▶ **Your instructions**
In the records below, the part to copy starts at the line containing "Units: m, deg." and goes to the last line; output it exactly, without pictures.

(Excerpts from a dataset)
________________________________________
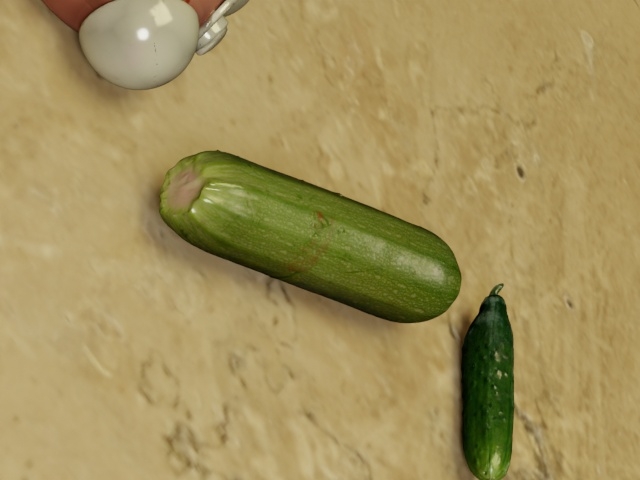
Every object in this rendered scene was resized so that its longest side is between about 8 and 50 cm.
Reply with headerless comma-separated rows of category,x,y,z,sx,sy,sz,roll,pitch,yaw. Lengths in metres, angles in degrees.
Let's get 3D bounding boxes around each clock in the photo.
clock,-0.104,-0.179,0.940,0.162,0.092,0.166,54,34,-15

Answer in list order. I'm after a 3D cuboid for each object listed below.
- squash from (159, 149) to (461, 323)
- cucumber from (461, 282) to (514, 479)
squash,0.000,0.000,0.965,0.229,0.066,0.066,21,50,-43
cucumber,0.110,0.094,1.064,0.037,0.037,0.155,35,43,-32
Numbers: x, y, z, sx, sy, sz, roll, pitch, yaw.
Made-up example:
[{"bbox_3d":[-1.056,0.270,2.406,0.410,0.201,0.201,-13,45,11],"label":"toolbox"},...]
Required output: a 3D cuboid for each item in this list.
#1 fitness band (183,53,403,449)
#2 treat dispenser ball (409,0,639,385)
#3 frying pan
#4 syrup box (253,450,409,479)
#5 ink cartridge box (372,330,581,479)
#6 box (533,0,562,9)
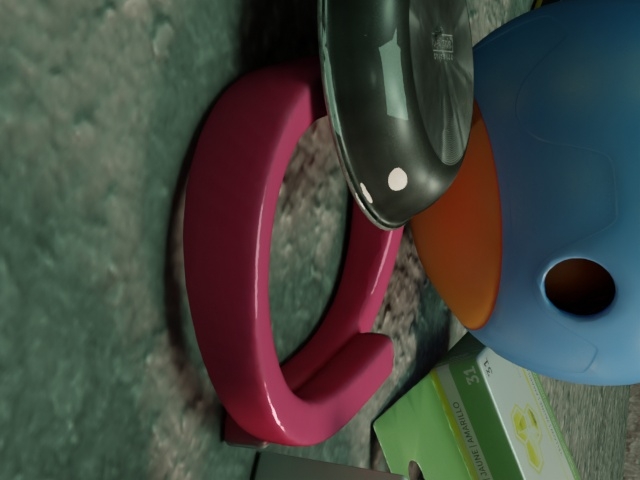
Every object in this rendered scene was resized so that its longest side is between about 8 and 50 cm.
[{"bbox_3d":[0.000,0.000,0.721,0.291,0.054,0.209,-33,127,-67],"label":"fitness band"},{"bbox_3d":[0.208,-0.037,0.941,0.288,0.288,0.288,7,90,-70],"label":"treat dispenser ball"},{"bbox_3d":[0.050,-0.166,0.729,0.197,0.053,0.326,38,54,-63],"label":"frying pan"},{"bbox_3d":[0.029,0.211,0.809,0.237,0.096,0.093,53,47,-62],"label":"syrup box"},{"bbox_3d":[0.138,0.178,1.049,0.235,0.056,0.171,-30,99,-63],"label":"ink cartridge box"},{"bbox_3d":[0.277,-0.150,1.409,0.257,0.079,0.322,79,26,-44],"label":"box"}]
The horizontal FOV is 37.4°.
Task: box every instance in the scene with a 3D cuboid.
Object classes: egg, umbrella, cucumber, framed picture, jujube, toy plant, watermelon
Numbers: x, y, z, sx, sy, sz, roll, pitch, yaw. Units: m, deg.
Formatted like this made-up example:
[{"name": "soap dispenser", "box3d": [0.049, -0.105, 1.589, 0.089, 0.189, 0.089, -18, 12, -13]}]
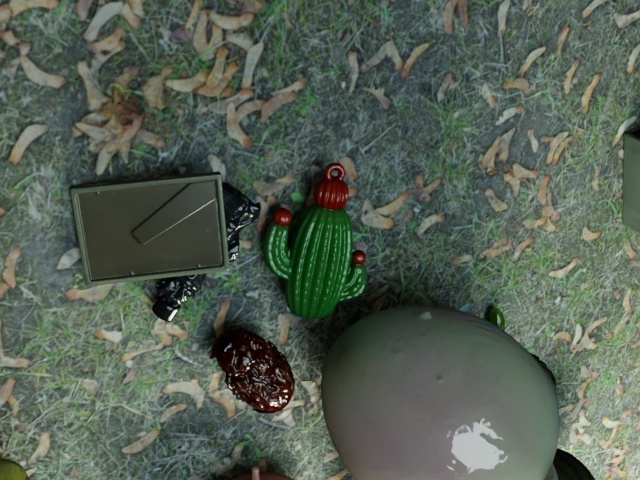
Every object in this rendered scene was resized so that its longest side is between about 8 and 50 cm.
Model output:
________________________________________
▶ **Response to the task**
Numbers: x, y, z, sx, sy, sz, roll, pitch, yaw. Units: m, deg.
Formatted like this made-up example:
[{"name": "soap dispenser", "box3d": [0.049, -0.105, 1.589, 0.089, 0.189, 0.089, -18, 12, -13]}]
Every object in this rendered scene was resized so that its longest side is between about 8 and 50 cm.
Model output:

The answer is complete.